Formulations for external use include ointments, plasters, creams, jellies, cataplasms, sprays, lotions, eye drops, eye ointments, etc. They comprise commonly-used ointment bases, lotion bases, aqueous or non-aqueous solutions, suspensions, emulsions or the like. Examples of ointment or lotion bases include polyethylene glycol, propylene glycol, white petrolatum, white beeswax, polyoxyethylene hydrogenated castor oil, glycerine monostearate, stearyl alcohol, cetyl alcohol, Lauromacrogol, sorbitan sesquioleate and so on.

Transmucosal formulations such as inhalants or transnasal formulations are used in solid, liquid or semi-solid form and can be prepared in a conventionally known manner. For example, such formulations may be supplemented as appropriate with known excipients and further with pH adjusters, antiseptics, surfactants, lubricants, stabilizers, thickeners and so on. For their administration, an appropriate device for inhalation or insufflation may be used. For example, using a known device (e.g., a metered-dose inhalation device) or a nebulizer, each compound may be administered alone or as a powder of a formulated mixture or as a solution or suspension in combination with a pharmaceutically acceptable carrier. Dry powder inhalators or the like may be for single or multiple administration use, and dry powders or powder-containing capsules may be used in such devices. Alternatively, they may be in the form of pressurized aerosol sprays which use an appropriate propellant, for example, a preferred gas such as chlorofluoroalkane, hydrofluoroalkane or carbon dioxide.

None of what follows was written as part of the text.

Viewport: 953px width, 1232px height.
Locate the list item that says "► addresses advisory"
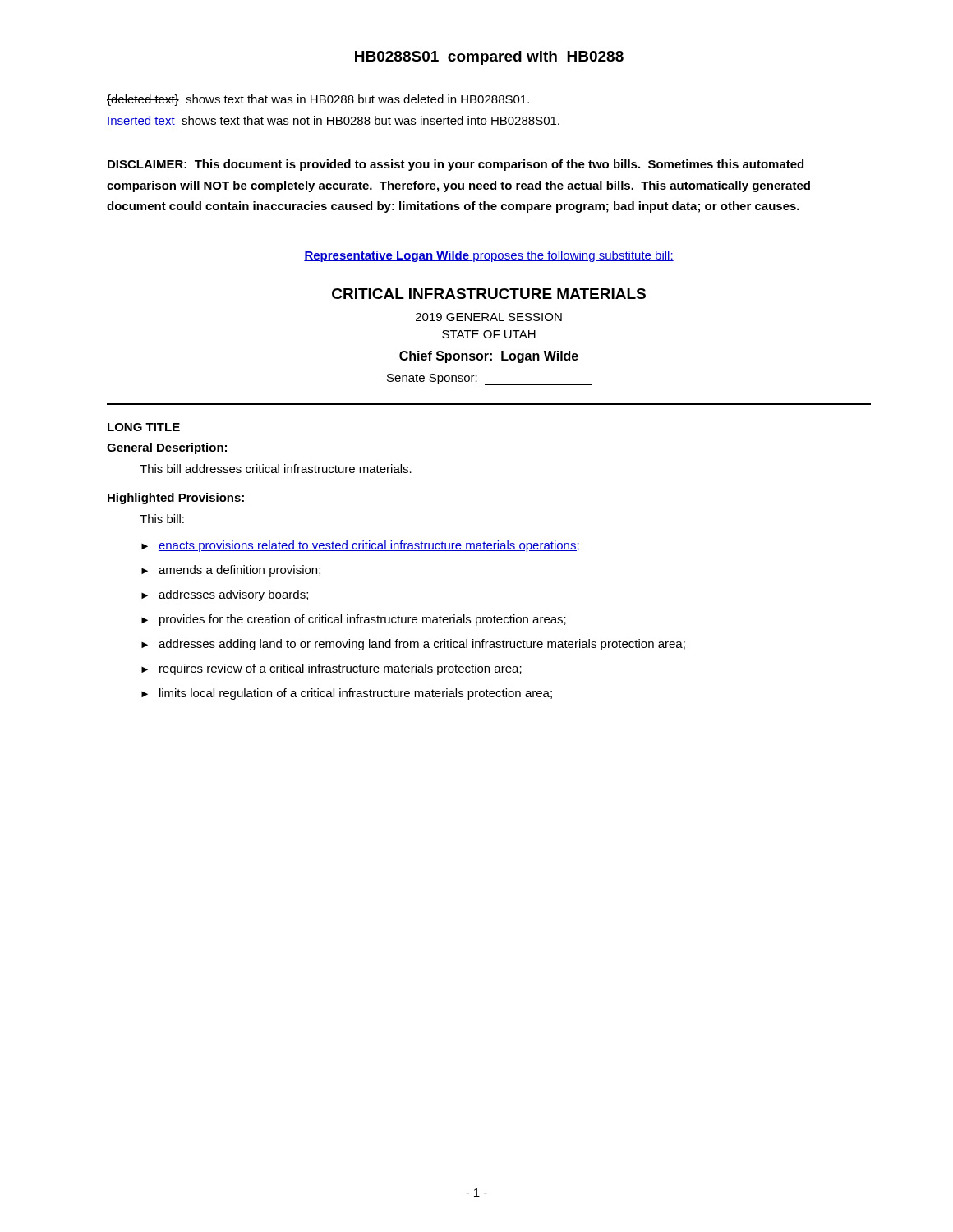pyautogui.click(x=225, y=595)

According to a further aspect, the present invention provides a use of at least one tocotrienol, derivative or a mixture thereof for the preparation of a medicament for treatment, prevention, amelioration, reduction or delay of the onset of fatty liver disease (FLD) in a subject.

According to another aspect, the present invention provides a composition comprising at least one tocotrienol, derivative or a mixture thereof for use in treating, preventing, ameliorating, reducing or delaying the onset of fatty liver disease (FLD) in a subject.

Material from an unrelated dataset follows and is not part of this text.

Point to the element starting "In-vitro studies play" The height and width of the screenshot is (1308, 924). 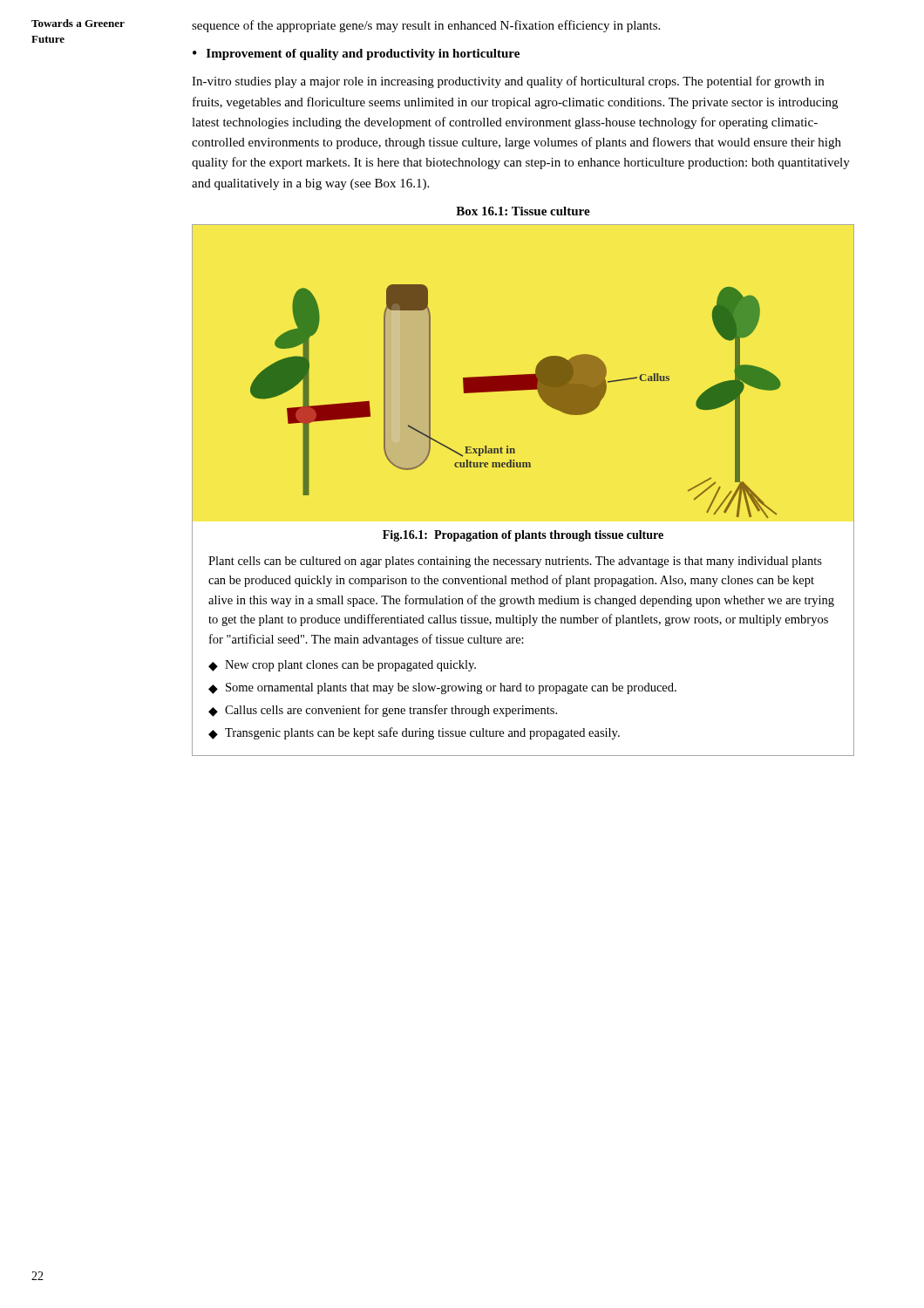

Having now generally described the invention, the same will be more readily understood through reference to the following examples which are provided by way of illustration, and are not intended to be limiting of the present invention.

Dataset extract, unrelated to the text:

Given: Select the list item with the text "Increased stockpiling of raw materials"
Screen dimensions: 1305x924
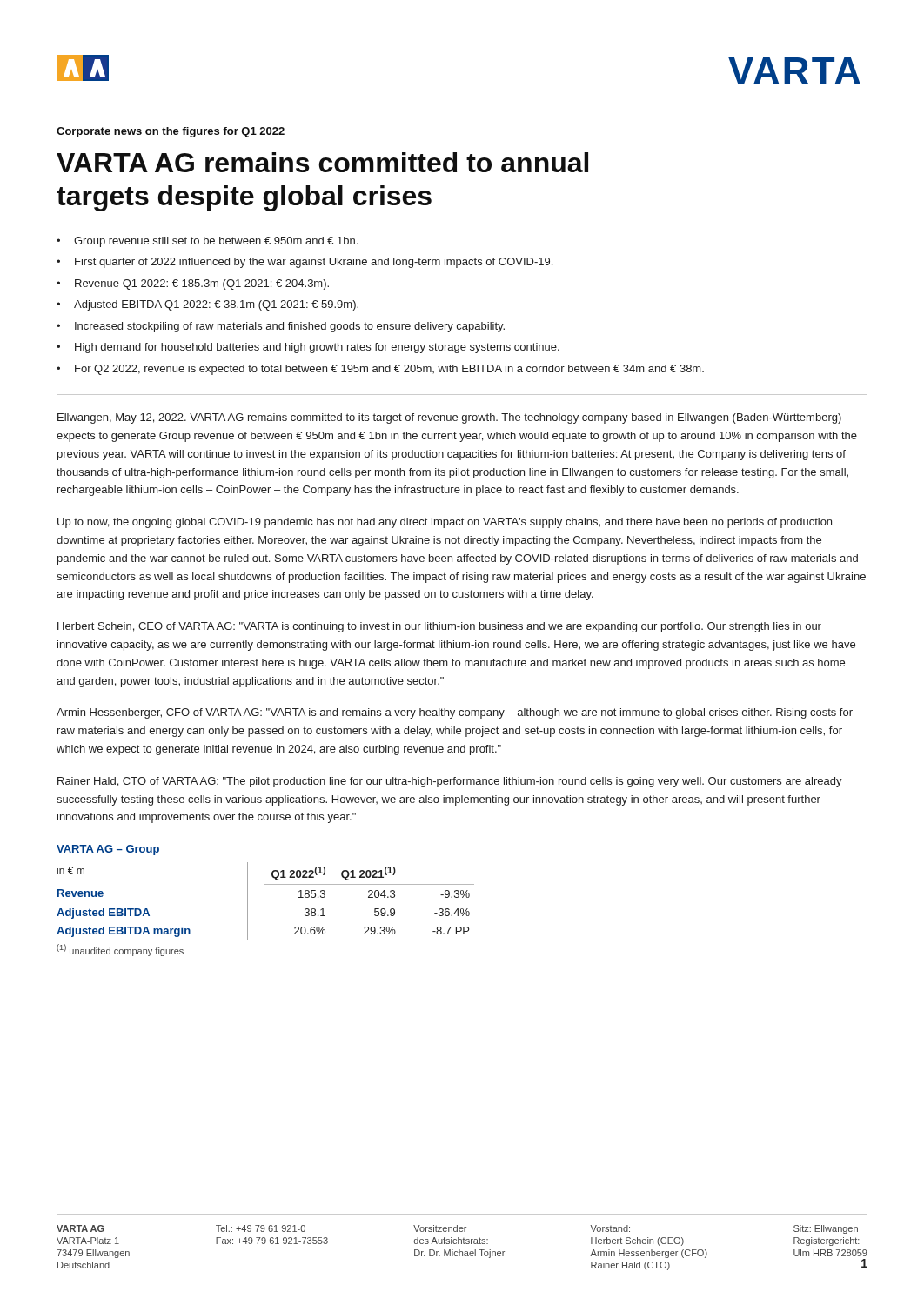Looking at the screenshot, I should (x=290, y=326).

A person skilled in the art will appreciate that the present invention may be practised without undue experimentation according to the method given herein. The methods, techniques and chemicals are as described in the references given or from protocols in standard biotechnology and molecular biology text books.

EXAMPLES

Standard molecular biology techniques known in the art and not specifically described were generally followed as described in Sambrook and Russel, Molecular Cloning: A Laboratory Manual, Cold Springs Harbor Laboratory, New York (2001).

EXAMPLE 1

Histological findings

The study is a completely randomised interventional study. Animals (Mus musculus or Swiss albino mice, sourced from the animal facilities of Universiti Sains Malaysia (Penang, Malaysia) were randomised into 3 groups of treatment with the first group (Control) fed a standard diet of commercially sourced P702 pellets (Gold Coin, Port Klang, Malaysia), the second group fed high fat-high fructose (HFF) diet comprising 50% P702, 30% clarified butter and 20% fructose and the third group a high-fat-high fructose plus tocotrienols (HFF- T3) diet comprising 50% P702, 30% clarified butter and 20% fructose plus mixed tocotrienols (Tocomin, Carotech, Ipoh, Malaysia). The animals had free access to food and water throughout the length of the experiment. The animals were humanely sacrificed, according to guidelines, for liver harvesting at week 26 from initiation of the study. Liver grafts from HFF-T3 and control animals were retained for chromatographic determination of hepatic tocotrienols content. Tissue quantification of tocotrienols correlates with the effectiveness of the treatment.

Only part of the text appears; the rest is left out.